Olivia, played with a shrill and imperious haste by Charlotte Green, does not seem a worthy object for the duke’s tender affections. Where her performance succeeds is as a foil to Daniel Osgerby’s deliciously pretentious Malvolio. Malvolio’s tale is a subplot that never fails as a crowd-pleaser, with the audience always eager to see such a self-important little fusspot made ridiculous. It struck me, though, that Malvolio is only ridiculous because his aggrandized opinion of himself outstrips his station: were he of Olivia’s and Orsino’s rank, those below would have to defer to him as he wishes. In this production Olivia is not a sympathetic character but spoilt, haughty, and preening, and it is only her wealth and status which prevent others from voicing the same opinions of her as they openly do of Malvolio.

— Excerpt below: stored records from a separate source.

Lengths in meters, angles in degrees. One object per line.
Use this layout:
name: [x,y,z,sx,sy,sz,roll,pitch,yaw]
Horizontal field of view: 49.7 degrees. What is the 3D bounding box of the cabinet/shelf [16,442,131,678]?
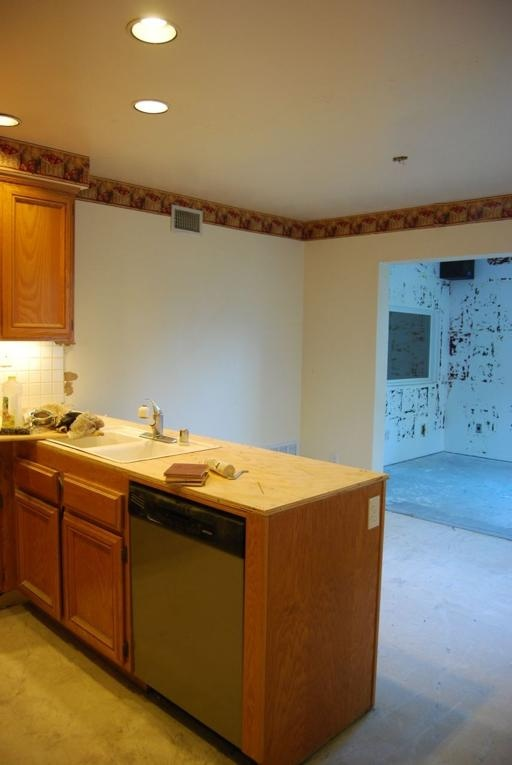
cabinet/shelf: [-0.736,0.726,2.262,0.368,0.718,0.768,-2,5,-42]
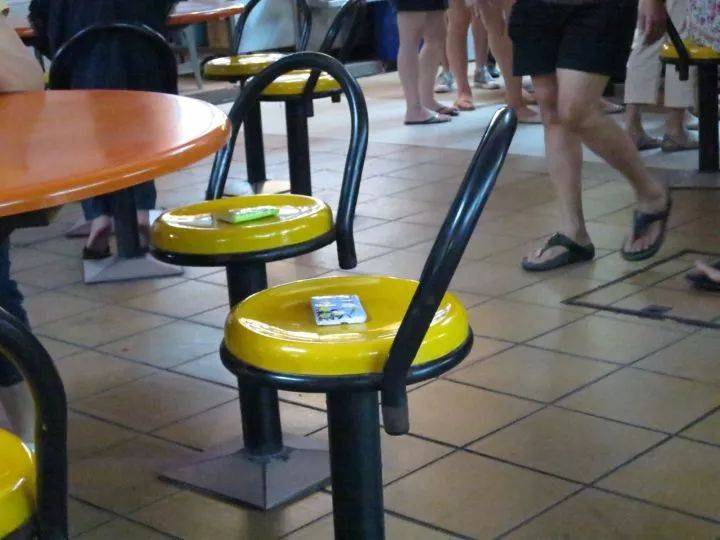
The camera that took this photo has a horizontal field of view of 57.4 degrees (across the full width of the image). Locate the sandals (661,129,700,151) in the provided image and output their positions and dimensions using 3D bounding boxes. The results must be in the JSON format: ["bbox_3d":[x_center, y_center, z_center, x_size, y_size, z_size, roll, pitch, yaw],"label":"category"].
[{"bbox_3d":[2.197,-0.883,4.516,0.261,0.099,0.117,-4,17,-11],"label":"sandals"}]

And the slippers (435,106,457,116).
[{"bbox_3d":[0.816,-1.515,6.243,0.228,0.058,0.084,17,31,40],"label":"slippers"}]

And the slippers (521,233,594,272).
[{"bbox_3d":[0.904,-0.094,2.962,0.312,0.119,0.152,-7,11,-5],"label":"slippers"}]

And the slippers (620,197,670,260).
[{"bbox_3d":[1.289,-0.161,2.936,0.134,0.312,0.100,24,14,31],"label":"slippers"}]

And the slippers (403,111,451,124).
[{"bbox_3d":[0.630,-1.362,5.978,0.366,0.069,0.147,-6,21,-5],"label":"slippers"}]

Dylan Turner’s Antonio, a sea brigand who (surprise!) delivers Sebastian safely to land in Act II, has the hardest luck of any character in the play with the possible exception of Malvolio. After following Sebastian into danger by remaining in Orsino’s country, where Antonio is a wanted man, he believes himself betrayed by Sebastian when he is arrested while defending Viola, who in her masculine disguise is a mirror of her brother. Things only get worse when it turns out at the end that Sebastian, played with charm by Dominic Morgan, went off and married Olivia when nobody was looking. I could see Antonio’s expressions of ardent devotion to Sebastian turning to ash in his mouth. Two couples safely allied – for Orsino now offers his hand to Viola – and what of poor Antonio?
Lucy Beardmore-Gray gives a wittily rumbustious performance as Sir Andrew, content to find as much mischief as might be arranged in Olivia’s household. In this she is aided by Harry Winterbottom’s drunken Sir Toby, Jodyanne Richardson’s arch and worldly-wise Maria, and Sarah Warren’s impish and mimicry-gifted Fool. Katerina Eliott aids Viola’s subterfuge with her informative turn as the West Country sea captain, and later firmly subdued Antonio as an officer.
There was one area where the company’s intentions for their inaugural performance did not come through strongly. LonelyCloud states in the programme that “all of our work is underpinned by a ‘philosophy of gender’.” I am a gender theorist by background, and came prepared to adore this production: gender is a question always at the forefront of my mind, and I was curious to see what LonelyCloud would offer for our consideration. But in the end, I didn’t see how this particular production of Twelfth Night was more or differently gendered than other productions. I liked, respected and esteemed the performance – these are degrees to love, Olivia might protest. But in the end they are not love. Nevertheless I look forward to seeing how LonelyCloud develops in future productions. A “philosophy of gender” should be at the forefront of more minds.